The Yggdrasil DAC reviewed here is an outlier in the Schiit line; its $2300 price tag positions it far above the company’s other offerings. (By contrast, Schiit’s Delta-Sigma DACs sell for $99, $149, $399, and $849—the company also offers three multi-bit DACs priced from $249 to $1250.) But the Yggrasil is significantly different in design from those DACs, as well as from virtually all other DACs on the market. We’ll get to those technical details in a minute, but let’s first look at the Yggy’s features and operation.
Its rounded aluminum case is slightly reminiscent of an Airstream trailer from the 1950s. A cutout in the front panel is dominated by a round pushbutton that selects between the Yggy’s five inputs (AES/EBU, BNC, RCA, TosLink, USB). Small LEDs indicate the selected input, the incoming sample rate, whether phase inversion is selected (via a smaller round front-panel pushbutton), and when the Yggy is locked to the incoming source. The Yggy proudly eschews DSD support and MQA decoding; its singular mission is to decode PCM (up to 384kHz) with the highest fidelity.
Moffat says that the Yggy is a “modern descendent of the first Theta DAC.” Like the Theta DACs, the Yggy is built around a custom digital filter. But this time Moffat employs the Analog Devices SHARC DSP. These DSP chips are vastly more powerful than the Motorola DSP56000 devices of the 1980s. The additional DSP horsepower allows a much “longer” filter for better performance. The Yggy’s 8x oversampling filter is designed to retain all the original audio samples without alteration. Many oversampling filters, as well as delta-sigma DACs or those with integral asynchronous sample-rate converters, change the sample values from those created by the analog-to-digital converter when the music was originally digitized.
To preserve this “bit-perfect” datastream, Moffatt selected an unusual DAC—a 20-bit R/2R ladder device from Analog Devices (the AD5791) that is used in applications where bit-perfect conversion is essential, such as in instrumentation, weapons systems, and magnetic-resonance imaging (MRI) machines. No one else uses these DACs for audio.

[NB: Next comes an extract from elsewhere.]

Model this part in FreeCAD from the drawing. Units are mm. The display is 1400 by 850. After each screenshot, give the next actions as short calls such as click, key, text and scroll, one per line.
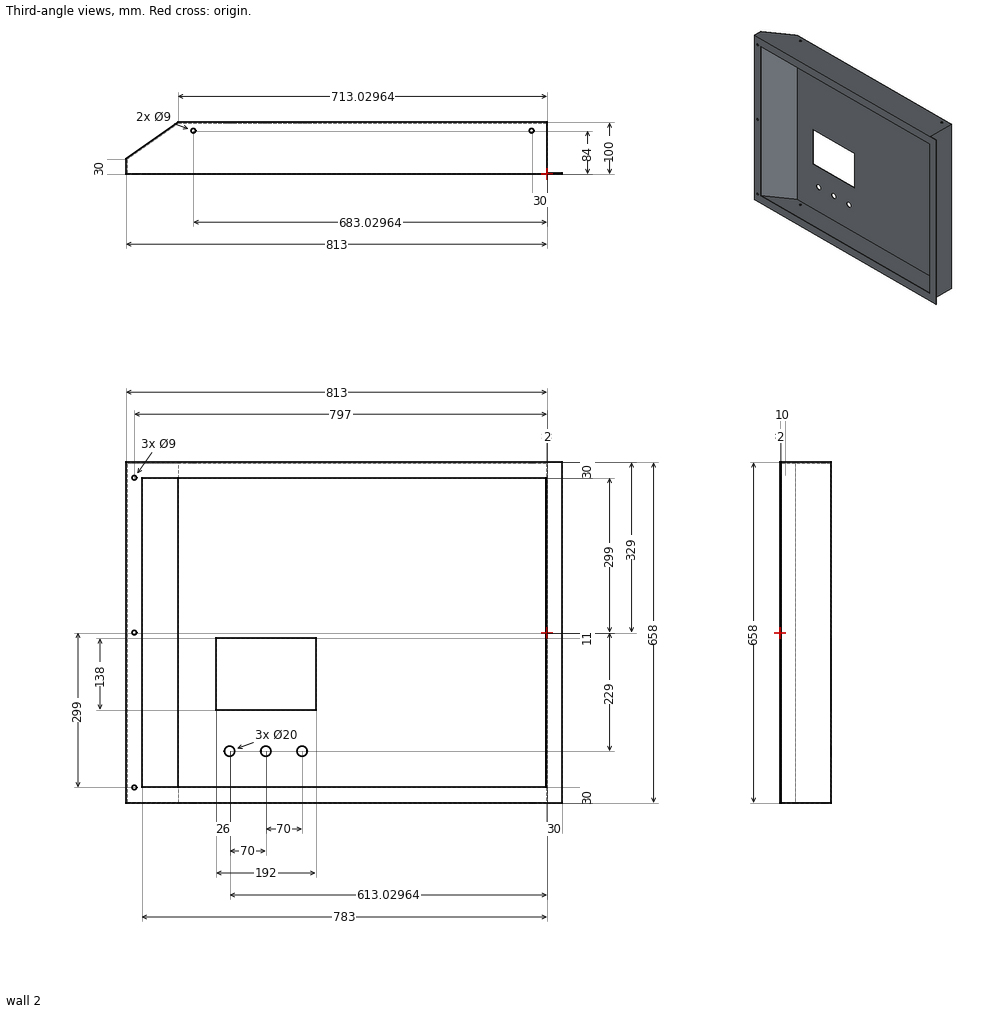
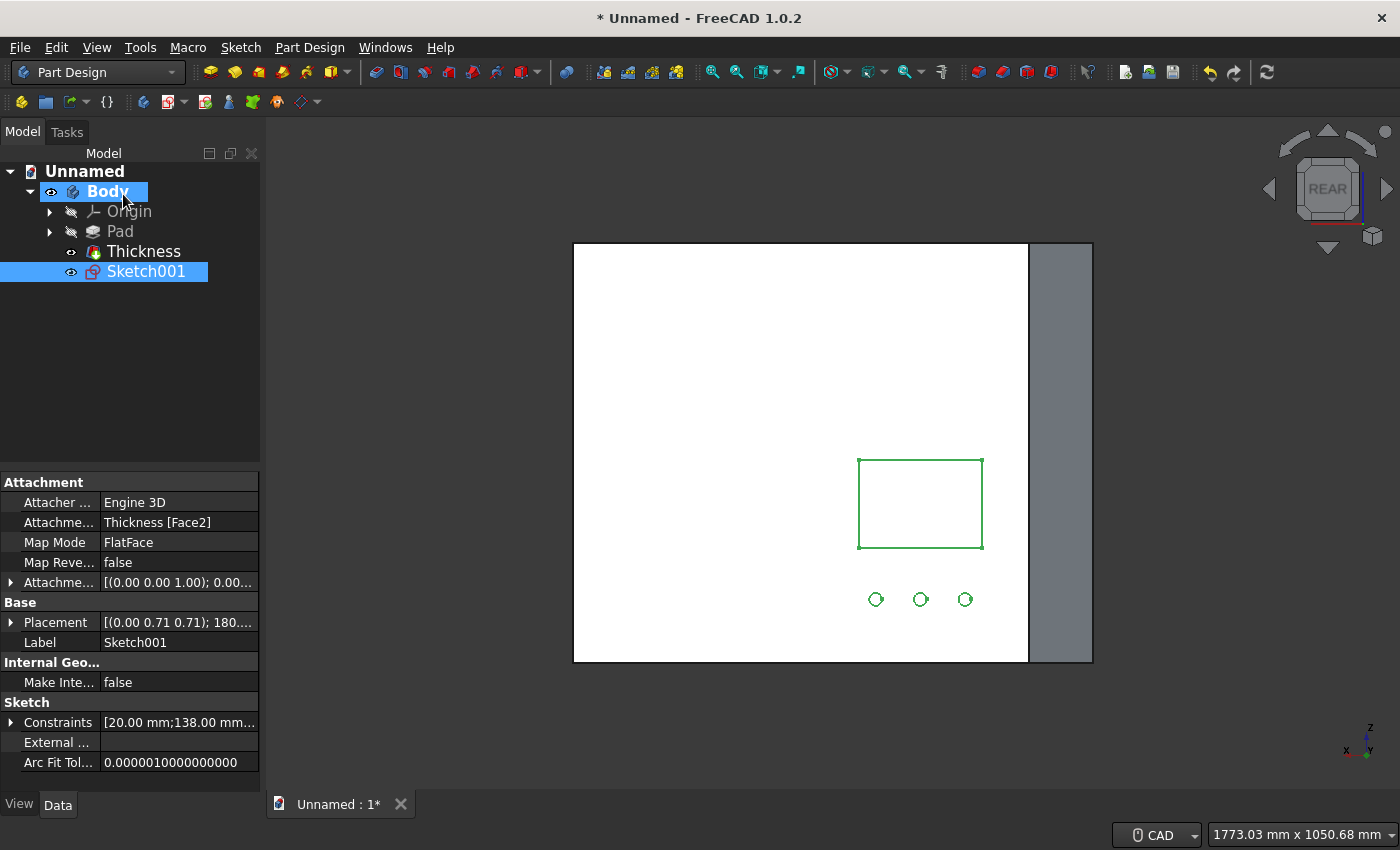
click(378, 72)

You’ll notice that the Yggy’s DACs have 20 bits of resolution, not the “24 bits” that are typically found in today’s digital-to-analog converters. That’s not a shortcoming; there’s no real information below the 20-bit level, and the state of the art in conversion is limited to 20 bits per balanced phase. The AD5791 is a dual-channel DAC, with two AD5791s employed in the Yggy for truly balanced operation (+L, –L, +R, –R). Shockingly in a $2300 product, the DAC chips cost a whopping $80 each (even purchased in quantity). Given the DAC architecture, it’s no surprise that the Yggy doesn’t support DSD. The design is optimized for CD-quality sources, which comprise the majority of most listeners’ libraries.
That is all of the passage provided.